Gümüşhane Canıca Kalesi Vank Köyü yakınında Kale Deresi denilen vadiye hakim bir dağın üzerinde bulunmaktadır. Kalenin ne zaman yapıldığı konusunda kaynaklarda yeterli bir bilgiye rastlanmamaktadır. Bununla beraber yörenin Hitit, Roma ve Bizans dönemlerinde yoğun bir yerleşime de sahne olduğu bilinmektedir.
Grek kaynaklarında “Palai Kastron” diye isimlendirdiği kale volkanik kayalar üzerindeki kaleyi ilk kez F.Cumont tanıtmıştır. Evliya Çelebi ‘de Seyahatnamesi’nde bu kaleden söz etmiştir. Kale ile ilgili bazı söylentilerde bulunmaktadır. Trabzon’un Fatih Sultan Mehmet tarafından fethinde önce Pontus Rum İmparatorunun kızının, bu kaleye hazineleri ile birlikte sığındığı ve burada öldüğü söylenmektedir.

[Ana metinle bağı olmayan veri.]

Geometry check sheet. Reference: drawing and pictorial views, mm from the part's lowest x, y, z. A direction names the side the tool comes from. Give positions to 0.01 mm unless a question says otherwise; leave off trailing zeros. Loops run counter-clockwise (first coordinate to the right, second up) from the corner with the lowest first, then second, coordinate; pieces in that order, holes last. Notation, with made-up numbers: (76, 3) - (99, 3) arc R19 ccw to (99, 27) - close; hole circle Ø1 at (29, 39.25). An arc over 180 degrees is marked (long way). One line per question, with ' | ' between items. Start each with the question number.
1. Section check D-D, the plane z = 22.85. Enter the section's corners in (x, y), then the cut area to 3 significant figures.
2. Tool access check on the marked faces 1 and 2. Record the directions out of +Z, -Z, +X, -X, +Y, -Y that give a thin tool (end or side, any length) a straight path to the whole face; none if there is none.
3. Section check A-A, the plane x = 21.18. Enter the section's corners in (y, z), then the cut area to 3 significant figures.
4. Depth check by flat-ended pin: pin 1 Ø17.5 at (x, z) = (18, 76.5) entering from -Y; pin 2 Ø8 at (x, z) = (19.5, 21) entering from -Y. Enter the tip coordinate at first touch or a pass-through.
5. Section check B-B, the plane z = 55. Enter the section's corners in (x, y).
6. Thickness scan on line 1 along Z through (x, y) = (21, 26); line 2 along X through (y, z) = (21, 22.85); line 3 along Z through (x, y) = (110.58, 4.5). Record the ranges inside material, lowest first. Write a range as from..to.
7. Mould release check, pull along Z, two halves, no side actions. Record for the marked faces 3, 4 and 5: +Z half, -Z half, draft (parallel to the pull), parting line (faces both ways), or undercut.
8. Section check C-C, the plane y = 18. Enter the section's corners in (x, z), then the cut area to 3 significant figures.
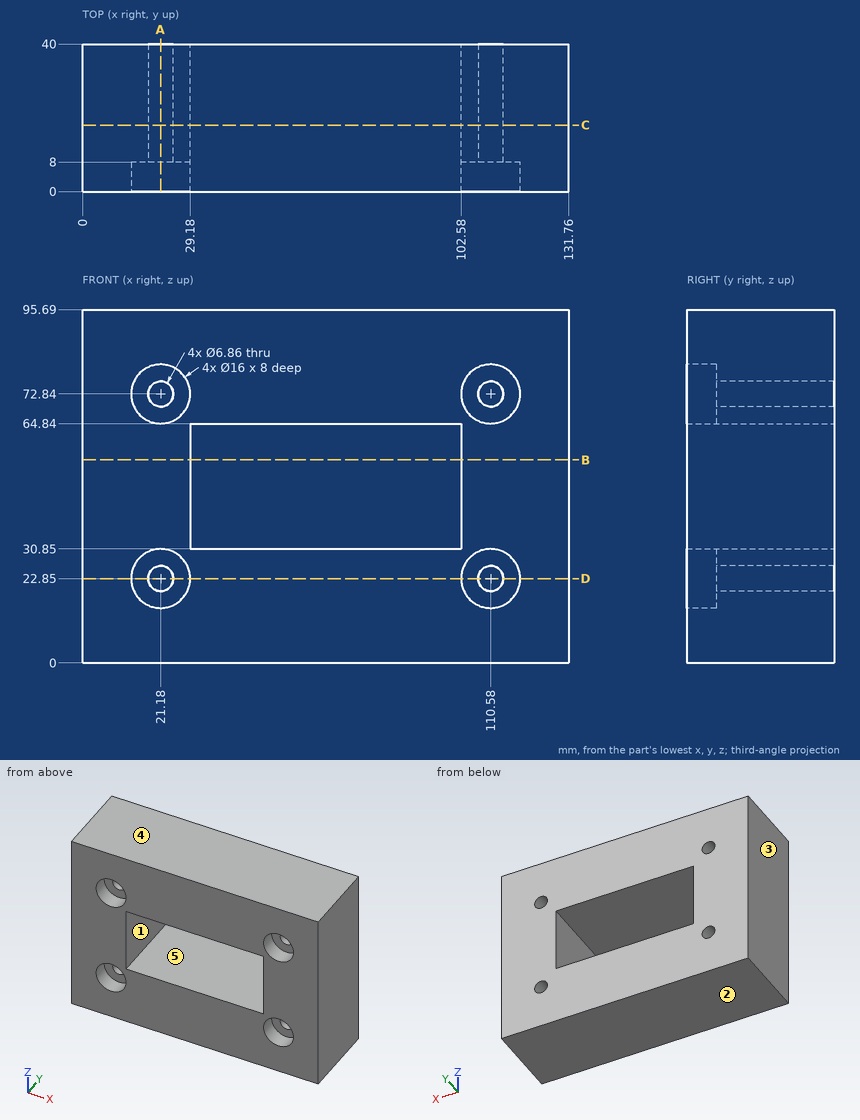
Results list:
1) outline: (0, 0) - (13.18, 0) - (13.18, 8) - (17.75, 8) - (17.75, 40) - (0, 40) - close; (24.61, 8) - (29.18, 8) - (29.18, 0) - (102.58, 0) - (102.58, 8) - (107.15, 8) - (107.15, 40) - (24.61, 40) - close; (114.01, 8) - (118.58, 8) - (118.58, 0) - (131.76, 0) - (131.76, 40) - (114.01, 40) - close | area: 4,580 mm²
2) face 1: +Y, -Y | face 2: -Z, +X, -X, +Y, -Y
3) outline: (0, 0) - (40, 0) - (40, 19.42) - (8, 19.42) - (8, 14.85) - (0, 14.85) - close; (0, 30.85) - (8, 30.85) - (8, 26.28) - (40, 26.28) - (40, 69.41) - (8, 69.41) - (8, 64.84) - (0, 64.84) - close; (0, 80.84) - (8, 80.84) - (8, 76.27) - (40, 76.27) - (40, 95.69) - (0, 95.69) - close | area: 3,130 mm²
4) pin 1: y = 0 | pin 2: y = 8
5) outline: (0, 0) - (29.18, 0) - (29.18, 40) - (0, 40) - close; (102.58, 0) - (131.76, 0) - (131.76, 40) - (102.58, 40) - close
6) line 1: 0..19.42, 26.28..69.41, 76.27..95.69 | line 2: 0..17.75, 24.61..107.15, 114.01..131.76 | line 3: 0..14.85, 30.85..64.84, 80.84..95.69
7) face 3: draft | face 4: +Z half | face 5: undercut
8) outline: (0, 0) - (131.76, 0) - (131.76, 95.69) - (0, 95.69) - close; hole circle Ø6.86 at (21.18, 22.85); hole circle Ø6.86 at (21.18, 72.84); hole (29.18, 30.85) - (102.58, 30.85) - (102.58, 64.84) - (29.18, 64.84) - close; hole circle Ø6.86 at (110.58, 22.85); hole circle Ø6.86 at (110.58, 72.84) | area: 9,970 mm²

Kale doğu-batı yönünde art arda üç bölümden meydana gelmiştir. Kaleyi çeviren duvarlar kesme ve moloz taşların oluşturduğu 1.50 m. kalınlığında burçlarla takviyeli duvarlar ile çevrelenmiştir. Kale girişi batıdaki bir kapıdan sağlanmaktadır. Buradan küçük bir avluya geçilmektedir. Bu avludan da kalenin doğu bölümüne ulaşılan ikinci bir kapı daha bulunmaktadır.
Kalenin içerisinde kare planlı 4.10x4.10 m. ölçüsünde bir sarnıç ile karşılaşılmaktadır. Günümüze oldukça iyi bir durumda gelebilen sarnıcın içerisi ve dışarısı tamamen sıvalıdır. Yalnız üst örüsünün bazı bölümleri yıkılmıştır. Kalenin içerisinde bir şapel bulunmaktadır. Kuzeydeki kayaların kısmen oyulmasıyla meydana getirilen şapelin sağlam kalabilen duvarlarında İncil’den alınma sahnelerin tasvir edildiği fresk izleri görülmektedir. Ayrıca burada Hıristiyan azizlerinin resimleri de bulunmaktadır.